*** MATERIAL FOR THE TASK ***
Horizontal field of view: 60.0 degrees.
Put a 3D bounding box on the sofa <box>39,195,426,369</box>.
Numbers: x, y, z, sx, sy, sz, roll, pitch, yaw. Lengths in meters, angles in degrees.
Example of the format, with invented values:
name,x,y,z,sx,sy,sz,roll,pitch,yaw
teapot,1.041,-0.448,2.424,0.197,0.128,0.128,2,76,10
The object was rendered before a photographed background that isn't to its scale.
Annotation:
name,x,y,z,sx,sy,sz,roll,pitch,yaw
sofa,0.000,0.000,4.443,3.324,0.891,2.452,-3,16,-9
*** End of MATERIAL FOR THE TASK ***
### EXERCISE DETAILS
Reproduce exactly the lines from the one containing "Numbers: x, y, z, sx, sy, sz, roll, pitch, yaw." through the last line of the records above, including both, and nothing else.

### RESPONSE BOX
Numbers: x, y, z, sx, sy, sz, roll, pitch, yaw. Lengths in meters, angles in degrees.
Example of the format, with invented values:
name,x,y,z,sx,sy,sz,roll,pitch,yaw
teapot,1.041,-0.448,2.424,0.197,0.128,0.128,2,76,10
The object was rendered before a photographed background that isn't to its scale.
Annotation:
name,x,y,z,sx,sy,sz,roll,pitch,yaw
sofa,0.000,0.000,4.443,3.324,0.891,2.452,-3,16,-9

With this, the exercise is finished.